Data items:

☆ ☆ ☆ ☆ ☆

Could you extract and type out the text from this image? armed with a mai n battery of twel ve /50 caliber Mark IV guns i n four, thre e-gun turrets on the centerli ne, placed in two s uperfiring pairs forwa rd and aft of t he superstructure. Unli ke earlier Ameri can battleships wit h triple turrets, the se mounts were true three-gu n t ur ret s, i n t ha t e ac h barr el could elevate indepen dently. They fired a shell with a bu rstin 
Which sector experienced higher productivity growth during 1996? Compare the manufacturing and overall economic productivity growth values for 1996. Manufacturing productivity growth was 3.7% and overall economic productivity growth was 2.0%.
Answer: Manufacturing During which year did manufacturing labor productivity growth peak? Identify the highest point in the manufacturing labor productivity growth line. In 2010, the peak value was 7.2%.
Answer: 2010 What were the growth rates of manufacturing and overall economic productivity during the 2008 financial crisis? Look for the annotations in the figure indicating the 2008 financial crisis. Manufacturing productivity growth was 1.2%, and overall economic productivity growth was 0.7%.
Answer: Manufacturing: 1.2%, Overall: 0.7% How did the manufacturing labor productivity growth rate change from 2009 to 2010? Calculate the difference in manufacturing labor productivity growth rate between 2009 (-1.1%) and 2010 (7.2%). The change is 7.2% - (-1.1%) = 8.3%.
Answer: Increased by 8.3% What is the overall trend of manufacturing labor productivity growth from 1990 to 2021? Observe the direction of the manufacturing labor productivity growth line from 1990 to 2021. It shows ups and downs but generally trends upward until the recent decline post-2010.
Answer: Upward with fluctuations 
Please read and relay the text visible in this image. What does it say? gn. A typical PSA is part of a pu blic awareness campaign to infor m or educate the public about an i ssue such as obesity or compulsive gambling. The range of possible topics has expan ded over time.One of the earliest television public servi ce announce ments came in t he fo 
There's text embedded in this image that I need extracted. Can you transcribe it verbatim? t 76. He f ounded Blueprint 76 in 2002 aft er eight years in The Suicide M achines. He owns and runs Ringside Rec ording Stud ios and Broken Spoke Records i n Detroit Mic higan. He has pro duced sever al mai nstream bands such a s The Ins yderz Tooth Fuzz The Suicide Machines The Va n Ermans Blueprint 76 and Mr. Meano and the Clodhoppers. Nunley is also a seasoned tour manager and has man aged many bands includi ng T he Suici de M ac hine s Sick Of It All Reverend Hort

☆ ☆ ☆ ☆ ☆

* _What is being asked_
Each entry is to be retyped precisely as it stands.

* _Response for this exercise_
Could you extract and type out the text from this image? armed with a mai n battery of twel ve /50 caliber Mark IV guns i n four, thre e-gun turrets on the centerli ne, placed in two s uperfiring pairs forwa rd and aft of t he superstructure. Unli ke earlier Ameri can battleships wit h triple turrets, the se mounts were true three-gu n t ur ret s, i n t ha t e ac h barr el could elevate indepen dently. They fired a shell with a bu rstin 
Which sector experienced higher productivity growth during 1996? Compare the manufacturing and overall economic productivity growth values for 1996. Manufacturing productivity growth was 3.7% and overall economic productivity growth was 2.0%.
Answer: Manufacturing During which year did manufacturing labor productivity growth peak? Identify the highest point in the manufacturing labor productivity growth line. In 2010, the peak value was 7.2%.
Answer: 2010 What were the growth rates of manufacturing and overall economic productivity during the 2008 financial crisis? Look for the annotations in the figure indicating the 2008 financial crisis. Manufacturing productivity growth was 1.2%, and overall economic productivity growth was 0.7%.
Answer: Manufacturing: 1.2%, Overall: 0.7% How did the manufacturing labor productivity growth rate change from 2009 to 2010? Calculate the difference in manufacturing labor productivity growth rate between 2009 (-1.1%) and 2010 (7.2%). The change is 7.2% - (-1.1%) = 8.3%.
Answer: Increased by 8.3% What is the overall trend of manufacturing labor productivity growth from 1990 to 2021? Observe the direction of the manufacturing labor productivity growth line from 1990 to 2021. It shows ups and downs but generally trends upward until the recent decline post-2010.
Answer: Upward with fluctuations 
Please read and relay the text visible in this image. What does it say? gn. A typical PSA is part of a pu blic awareness campaign to infor m or educate the public about an i ssue such as obesity or compulsive gambling. The range of possible topics has expan ded over time.One of the earliest television public servi ce announce ments came in t he fo 
There's text embedded in this image that I need extracted. Can you transcribe it verbatim? t 76. He f ounded Blueprint 76 in 2002 aft er eight years in The Suicide M achines. He owns and runs Ringside Rec ording Stud ios and Broken Spoke Records i n Detroit Mic higan. He has pro duced sever al mai nstream bands such a s The Ins yderz Tooth Fuzz The Suicide Machines The Va n Ermans Blueprint 76 and Mr. Meano and the Clodhoppers. Nunley is also a seasoned tour manager and has man aged many bands includi ng T he Suici de M ac hine s Sick Of It All Reverend Hort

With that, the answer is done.